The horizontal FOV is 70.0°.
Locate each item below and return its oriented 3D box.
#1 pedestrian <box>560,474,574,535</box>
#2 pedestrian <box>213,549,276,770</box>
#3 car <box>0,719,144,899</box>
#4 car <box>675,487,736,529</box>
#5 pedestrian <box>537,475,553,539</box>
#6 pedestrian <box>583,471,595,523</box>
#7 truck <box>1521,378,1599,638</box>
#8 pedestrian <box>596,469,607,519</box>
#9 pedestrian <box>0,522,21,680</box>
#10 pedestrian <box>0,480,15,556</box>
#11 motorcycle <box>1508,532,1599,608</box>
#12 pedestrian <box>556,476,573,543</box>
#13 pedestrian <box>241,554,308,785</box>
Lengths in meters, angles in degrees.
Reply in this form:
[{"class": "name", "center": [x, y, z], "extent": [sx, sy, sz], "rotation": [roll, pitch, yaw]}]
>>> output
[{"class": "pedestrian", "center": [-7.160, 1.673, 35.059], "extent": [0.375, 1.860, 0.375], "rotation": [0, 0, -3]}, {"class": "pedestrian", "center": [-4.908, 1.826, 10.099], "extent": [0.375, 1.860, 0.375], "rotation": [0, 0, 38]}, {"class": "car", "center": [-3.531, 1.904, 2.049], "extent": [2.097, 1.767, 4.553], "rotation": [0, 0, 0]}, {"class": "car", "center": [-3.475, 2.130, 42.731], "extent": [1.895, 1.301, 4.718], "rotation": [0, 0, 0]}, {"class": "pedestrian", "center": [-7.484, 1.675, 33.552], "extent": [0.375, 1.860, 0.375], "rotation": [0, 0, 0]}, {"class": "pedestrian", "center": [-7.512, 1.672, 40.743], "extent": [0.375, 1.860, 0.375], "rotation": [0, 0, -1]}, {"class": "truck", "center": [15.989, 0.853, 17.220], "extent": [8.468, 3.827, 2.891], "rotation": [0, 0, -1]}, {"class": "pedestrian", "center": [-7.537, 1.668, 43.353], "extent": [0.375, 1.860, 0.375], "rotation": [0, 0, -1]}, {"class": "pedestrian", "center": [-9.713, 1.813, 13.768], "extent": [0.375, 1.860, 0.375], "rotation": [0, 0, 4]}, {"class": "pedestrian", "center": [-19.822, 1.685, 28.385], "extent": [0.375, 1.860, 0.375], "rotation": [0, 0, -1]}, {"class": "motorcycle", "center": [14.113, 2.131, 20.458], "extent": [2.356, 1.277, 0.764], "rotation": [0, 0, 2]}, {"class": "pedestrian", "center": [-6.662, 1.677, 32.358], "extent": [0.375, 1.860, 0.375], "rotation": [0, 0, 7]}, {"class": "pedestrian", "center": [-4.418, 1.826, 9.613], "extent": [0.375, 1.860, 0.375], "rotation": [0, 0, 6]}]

------------------------------------------------------------

How to complete this task
Every single line of the listing must be retyped exactly.

Exercise response
The horizontal FOV is 70.0°.
Locate each item below and return its oriented 3D box.
#1 pedestrian <box>560,474,574,535</box>
#2 pedestrian <box>213,549,276,770</box>
#3 car <box>0,719,144,899</box>
#4 car <box>675,487,736,529</box>
#5 pedestrian <box>537,475,553,539</box>
#6 pedestrian <box>583,471,595,523</box>
#7 truck <box>1521,378,1599,638</box>
#8 pedestrian <box>596,469,607,519</box>
#9 pedestrian <box>0,522,21,680</box>
#10 pedestrian <box>0,480,15,556</box>
#11 motorcycle <box>1508,532,1599,608</box>
#12 pedestrian <box>556,476,573,543</box>
#13 pedestrian <box>241,554,308,785</box>
Lengths in meters, angles in degrees.
Reply in this form:
[{"class": "name", "center": [x, y, z], "extent": [sx, sy, sz], "rotation": [roll, pitch, yaw]}]
>>> output
[{"class": "pedestrian", "center": [-7.160, 1.673, 35.059], "extent": [0.375, 1.860, 0.375], "rotation": [0, 0, -3]}, {"class": "pedestrian", "center": [-4.908, 1.826, 10.099], "extent": [0.375, 1.860, 0.375], "rotation": [0, 0, 38]}, {"class": "car", "center": [-3.531, 1.904, 2.049], "extent": [2.097, 1.767, 4.553], "rotation": [0, 0, 0]}, {"class": "car", "center": [-3.475, 2.130, 42.731], "extent": [1.895, 1.301, 4.718], "rotation": [0, 0, 0]}, {"class": "pedestrian", "center": [-7.484, 1.675, 33.552], "extent": [0.375, 1.860, 0.375], "rotation": [0, 0, 0]}, {"class": "pedestrian", "center": [-7.512, 1.672, 40.743], "extent": [0.375, 1.860, 0.375], "rotation": [0, 0, -1]}, {"class": "truck", "center": [15.989, 0.853, 17.220], "extent": [8.468, 3.827, 2.891], "rotation": [0, 0, -1]}, {"class": "pedestrian", "center": [-7.537, 1.668, 43.353], "extent": [0.375, 1.860, 0.375], "rotation": [0, 0, -1]}, {"class": "pedestrian", "center": [-9.713, 1.813, 13.768], "extent": [0.375, 1.860, 0.375], "rotation": [0, 0, 4]}, {"class": "pedestrian", "center": [-19.822, 1.685, 28.385], "extent": [0.375, 1.860, 0.375], "rotation": [0, 0, -1]}, {"class": "motorcycle", "center": [14.113, 2.131, 20.458], "extent": [2.356, 1.277, 0.764], "rotation": [0, 0, 2]}, {"class": "pedestrian", "center": [-6.662, 1.677, 32.358], "extent": [0.375, 1.860, 0.375], "rotation": [0, 0, 7]}, {"class": "pedestrian", "center": [-4.418, 1.826, 9.613], "extent": [0.375, 1.860, 0.375], "rotation": [0, 0, 6]}]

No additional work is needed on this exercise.